The analysts that Reactions spoke to were in agreement with the fact that Aviva will be a stronger entity for keeping both its life and non-life earnings, especially as insurance markets start to improve. The GI business is highly cash generative for Aviva, although Aviva recognised in a statement that its present business performance does not reflect its full earnings potential. For example, Aviva's general insurance businesses in aggregate made operating profits of £1.0bn in 2009 compared to £1.7bn in 2006.

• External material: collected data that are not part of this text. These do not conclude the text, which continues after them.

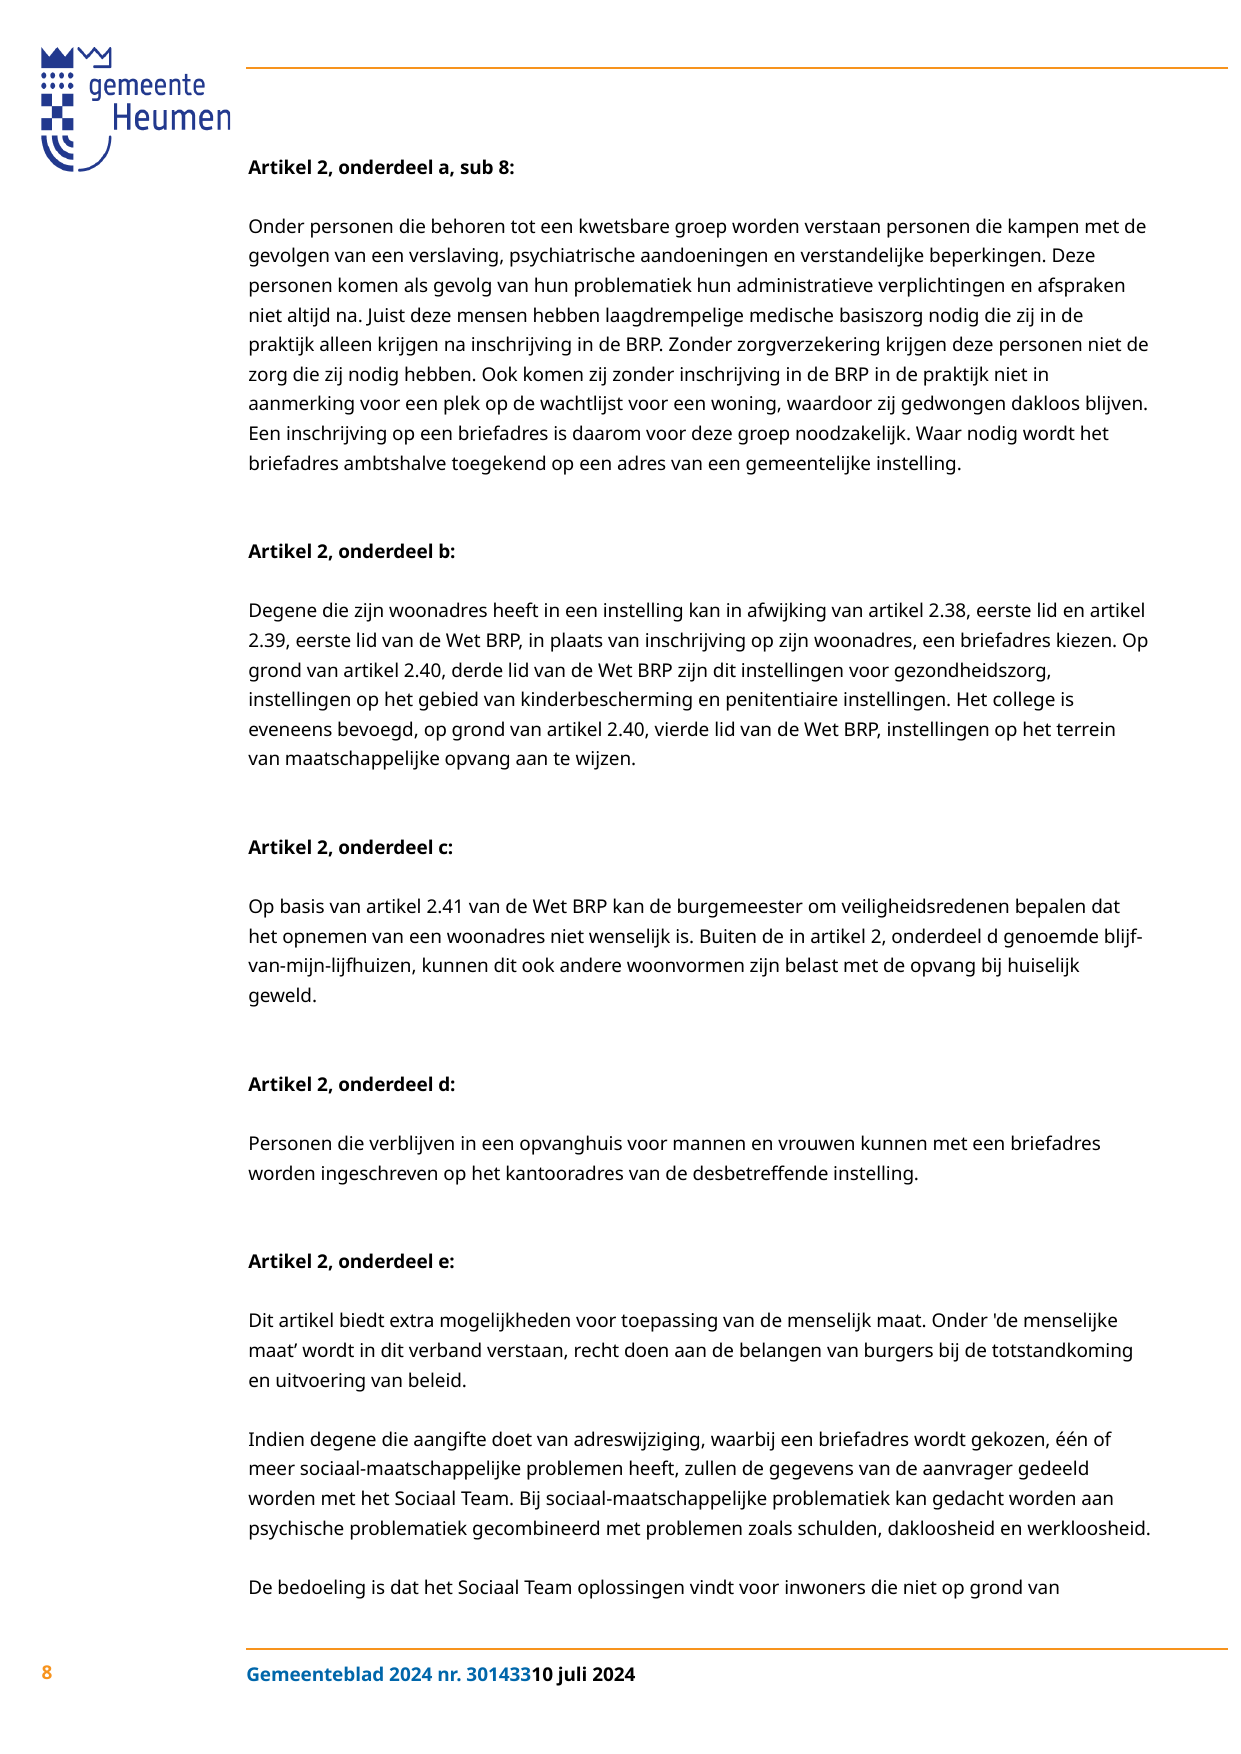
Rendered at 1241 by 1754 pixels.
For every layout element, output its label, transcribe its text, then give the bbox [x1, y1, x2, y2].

text Onder personen die behoren tot een kwetsbare groep worden verstaan personen die kampen met de gevolgen van een verslaving, psychiatrische aandoeningen en verstandelijke beperkingen. Deze personen komen als gevolg van hun problematiek hun administratieve verplichtingen en afspraken niet altijd na. Juist deze mensen hebben laagdrempelige medische basiszorg nodig die zij in de praktijk alleen krijgen na inschrijving in de BRP. Zonder zorgverzekering krijgen deze personen niet de zorg die zij nodig hebben. Ook komen zij zonder inschrijving in de BRP in de praktijk niet in aanmerking voor een plek op de wachtlijst voor een woning, waardoor zij gedwongen dakloos blijven. Een inschrijving op een briefadres is daarom voor deze groep noodzakelijk. Waar nodig wordt het briefadres ambtshalve toegekend op een adres van een gemeentelijke instelling. [248, 213, 1152, 476]
text Artikel 2, onderdeel a, sub 8: [248, 154, 1152, 180]
text Artikel 2, onderdeel d: [248, 1071, 1152, 1097]
text Degene die zijn woonadres heeft in een instelling kan in afwijking van artikel 2.38, eerste lid en artikel 2.39, eerste lid van de Wet BRP, in plaats van inschrijving op zijn woonadres, een briefadres kiezen. Op grond van artikel 2.40, derde lid van de Wet BRP zijn dit instellingen voor gezondheidszorg, instellingen op het gebied van kinderbescherming en penitentiaire instellingen. Het college is eveneens bevoegd, op grond van artikel 2.40, vierde lid van de Wet BRP, instellingen op het terrein van maatschappelijke opvang aan te wijzen. [248, 598, 1152, 771]
text Artikel 2, onderdeel e: [248, 1248, 1152, 1274]
text De bedoeling is dat het Sociaal Team oplossingen vindt voor inwoners die niet op grond van [248, 1574, 1152, 1600]
text Personen die verblijven in een opvanghuis voor mannen en vrouwen kunnen met een briefadres worden ingeschreven op het kantooradres van de desbetreffende instelling. [248, 1130, 1152, 1186]
text Artikel 2, onderdeel b: [248, 538, 1152, 564]
text Op basis van artikel 2.41 van de Wet BRP kan de burgemeester om veiligheidsredenen bepalen dat het opnemen van een woonadres niet wenselijk is. Buiten de in artikel 2, onderdeel d genoemde blijf-van-mijn-lijfhuizen, kunnen dit ook andere woonvormen zijn belast met de opvang bij huiselijk geweld. [248, 893, 1152, 1008]
text Artikel 2, onderdeel c: [248, 834, 1152, 860]
picture [41, 47, 231, 172]
text Indien degene die aangifte doet van adreswijziging, waarbij een briefadres wordt gekozen, één of meer sociaal-maatschappelijke problemen heeft, zullen de gegevens van de aanvrager gedeeld worden met het Sociaal Team. Bij sociaal-maatschappelijke problematiek kan gedacht worden aan psychische problematiek gecombineerd met problemen zoals schulden, dakloosheid en werkloosheid. [248, 1426, 1152, 1541]
text Dit artikel biedt extra mogelijkheden voor toepassing van de menselijk maat. Onder 'de menselijke maat’ wordt in dit verband verstaan, recht doen aan de belangen van burgers bij de totstandkoming en uitvoering van beleid. [248, 1308, 1152, 1393]
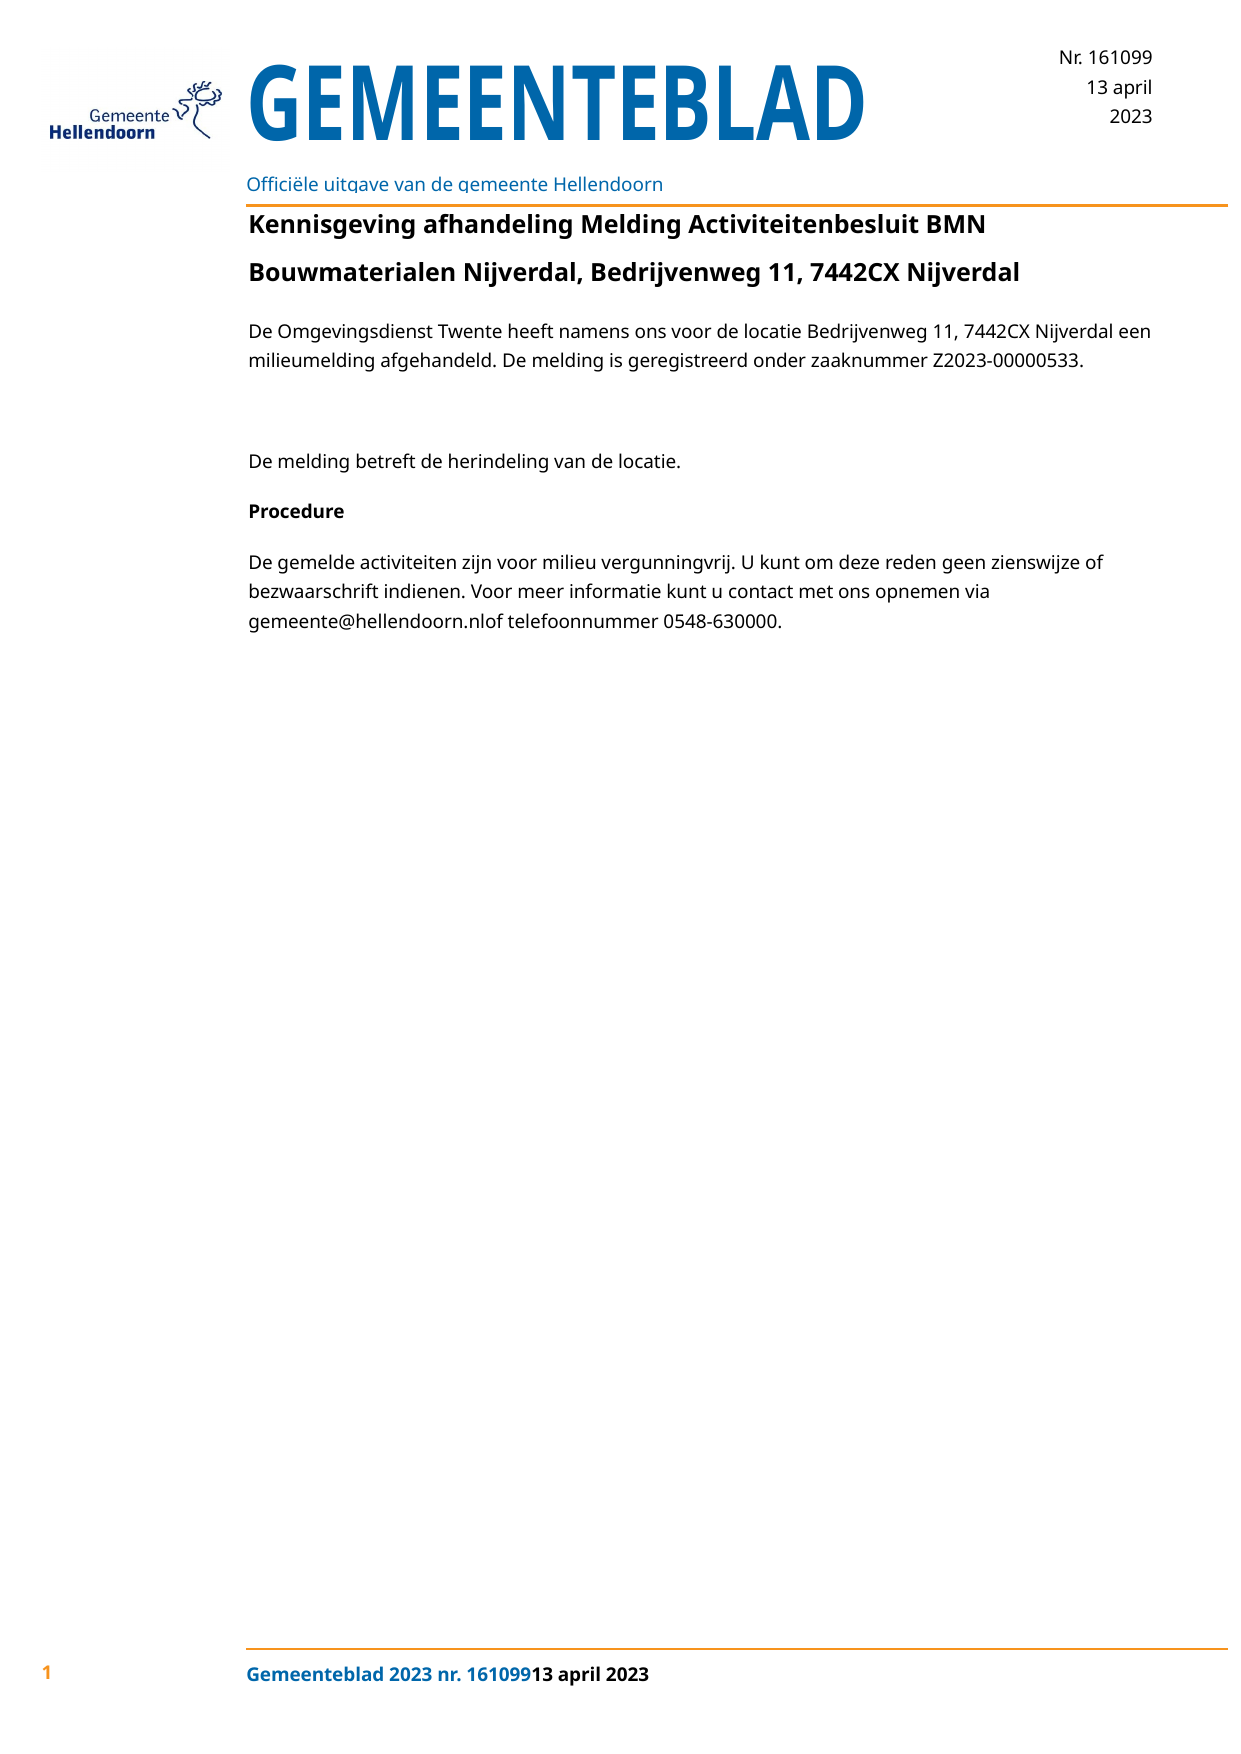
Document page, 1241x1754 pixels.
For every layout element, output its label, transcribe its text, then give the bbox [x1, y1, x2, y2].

text De Omgevingsdienst Twente heeft namens ons voor de locatie Bedrijvenweg 11, 7442CX Nijverdal een milieumelding afgehandeld. De melding is geregistreerd onder zaaknummer Z2023-00000533. [248, 318, 1152, 373]
text Kennisgeving afhandeling Melding Activiteitenbesluit BMN Bouwmaterialen Nijverdal, Bedrijvenweg 11, 7442CX Nijverdal [248, 207, 1152, 288]
text De melding betreft de herindeling van de locatie. [248, 448, 1152, 474]
picture [41, 47, 231, 172]
text De gemelde activiteiten zijn voor milieu vergunningvrij. U kunt om deze reden geen zienswijze of bezwaarschrift indienen. Voor meer informatie kunt u contact met ons opnemen via gemeente@hellendoorn.nlof telefoonnummer 0548-630000. [248, 549, 1152, 634]
text Procedure [248, 499, 1152, 524]

Although RSA sees strategic benefits from the deal, analysts are dubious that it would reap the benefits. Oriel’s analysts note that RSA would need to raise more than its market capitalisation (£4.4bn) to complete this transaction. It is also at slightly at odds with RSA's stated strategy of making small bolt-on acquisitions to generate growth.

“This offer was a bold move by RSA and we are not surprised by Aviva's rejection given current cyclically low GI earnings, valuations, and the benefits (expenses & capital) from its composite model,” said Oriel. “RSA's management has significantly improved its operational performance and market perception in recent years and the timing of the offer could be seen as shrewd given current low valuations. However, we fear there is now a degree of uncertainty as to whether RSA intends to pursue a strategy of small bolt on acquisitions or whether it will look for transformational deals and the risk of this could weigh on the shares.”

Ferneyhough does not see this as the start of a similar trend of deals in the UK market. She says it was a fairly “left field” deal.

“There are not a lot of companies out there who are willing to allocate cash to deals so therefore it becomes very difficult to make things accretive,” she says. “All the larger European companies have stated that they are unlikely to do any deals unless it was for equity which makes it slightly more difficult.”

She adds: “We haven’t seen a flurry of deals or expect there to be one in the near term. Certainly in the UK it is a relatively mature market in both p/c and life so it would have to be a very specific situation such as the AXA UK [sale of its life business to Resolution, the life insurance investment vehicle] to really see anything more happening.”